Embers, Excerpt #1

She sat by the remains of the campfire, poking and prodding the ashes with a stick. Swirls of bone-dry ash drifted through the air with each uncovering of a once-hot place. She had a rough night, waking twice in the tent where they slept, and her companion said she woke him up last night when she screamed his name in her sleep. She sat alone, on a log pulled beside the campfire for a bench, the cold world around her shades of orange and brown as the trees began to slumber from fall's dying breaths.

He sat beside her, his unshaven cheeks red from the cold, his breath steaming in the chill air like the hot cup of coffee her gave her. She bundled against him, still cold in a winter jacket and a fleece blanket.

"Doing better?"

She nodded, her head against his shoulder. "Cold."

He crumpled up several wads of paper and threw it onto the ashes. He piled up a couple logs on top of that. "It'll light, give it time. Look."

He pulled a cinder from the ash pile and held it against a scrap of paper.

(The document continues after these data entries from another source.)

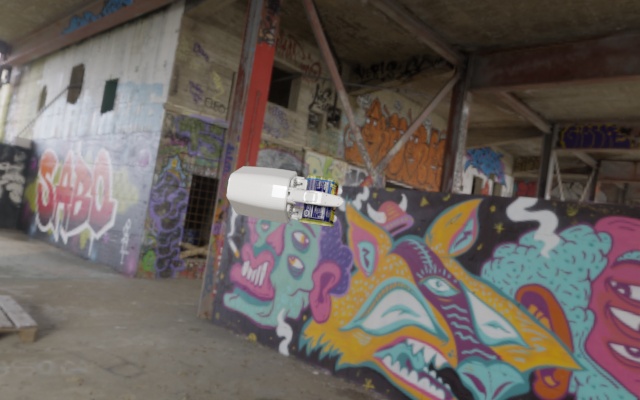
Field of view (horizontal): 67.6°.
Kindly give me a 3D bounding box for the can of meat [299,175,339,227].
[{"bbox_3d":[0.000,0.003,0.867,0.057,0.084,0.102,8,-3,7],"label":"can of meat"}]
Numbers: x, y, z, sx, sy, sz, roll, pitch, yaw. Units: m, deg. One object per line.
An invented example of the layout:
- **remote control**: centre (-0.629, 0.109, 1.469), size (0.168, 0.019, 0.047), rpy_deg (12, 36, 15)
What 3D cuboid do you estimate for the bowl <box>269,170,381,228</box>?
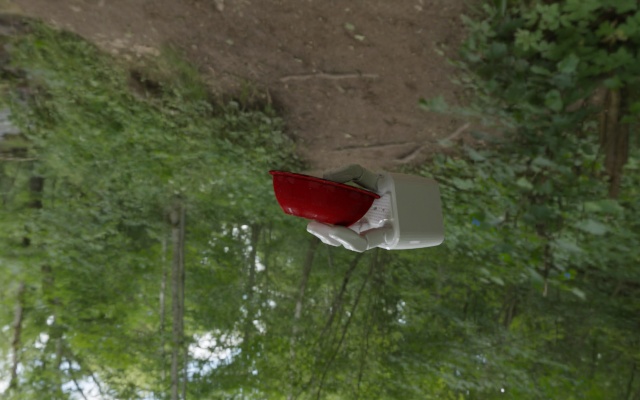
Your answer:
- **bowl**: centre (-0.001, 0.002, 0.673), size (0.162, 0.055, 0.162), rpy_deg (13, -2, 1)
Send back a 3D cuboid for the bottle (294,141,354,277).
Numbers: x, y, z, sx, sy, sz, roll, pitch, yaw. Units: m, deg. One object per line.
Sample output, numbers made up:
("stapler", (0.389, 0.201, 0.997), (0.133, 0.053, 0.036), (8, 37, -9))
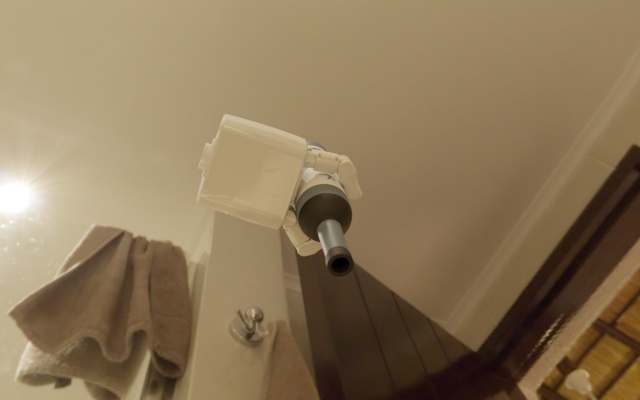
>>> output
("bottle", (0.000, 0.002, 0.606), (0.069, 0.069, 0.295), (0, 25, -9))
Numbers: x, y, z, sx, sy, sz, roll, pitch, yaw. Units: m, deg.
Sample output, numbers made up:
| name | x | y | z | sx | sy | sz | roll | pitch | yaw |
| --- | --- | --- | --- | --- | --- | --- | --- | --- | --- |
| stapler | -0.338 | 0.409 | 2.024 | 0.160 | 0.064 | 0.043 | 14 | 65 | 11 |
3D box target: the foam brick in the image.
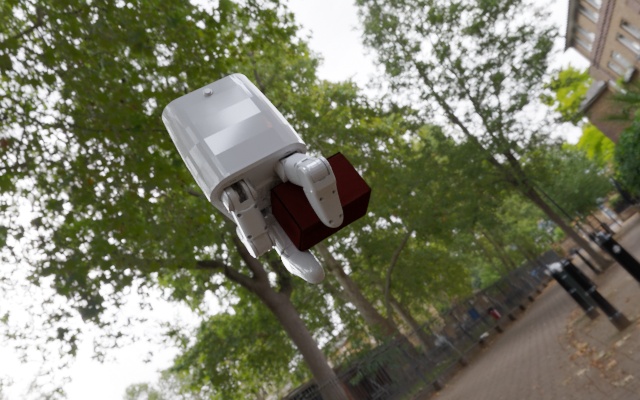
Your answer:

The paper turned brown and began to smoke, as if the bit of charcoal still held a tiny amount of heat. He took the paper into his gloves and began to blow smoke out of his cupped hands. When her pulled the wad out, the paper was already smoking and burning the edges away. He tucked it beneath the logs to shelter the already smoking kindling from the harsh wind.

"The embers are still hot," she said, sipping her coffee and thanking God for him. "Any kindling will start a fire."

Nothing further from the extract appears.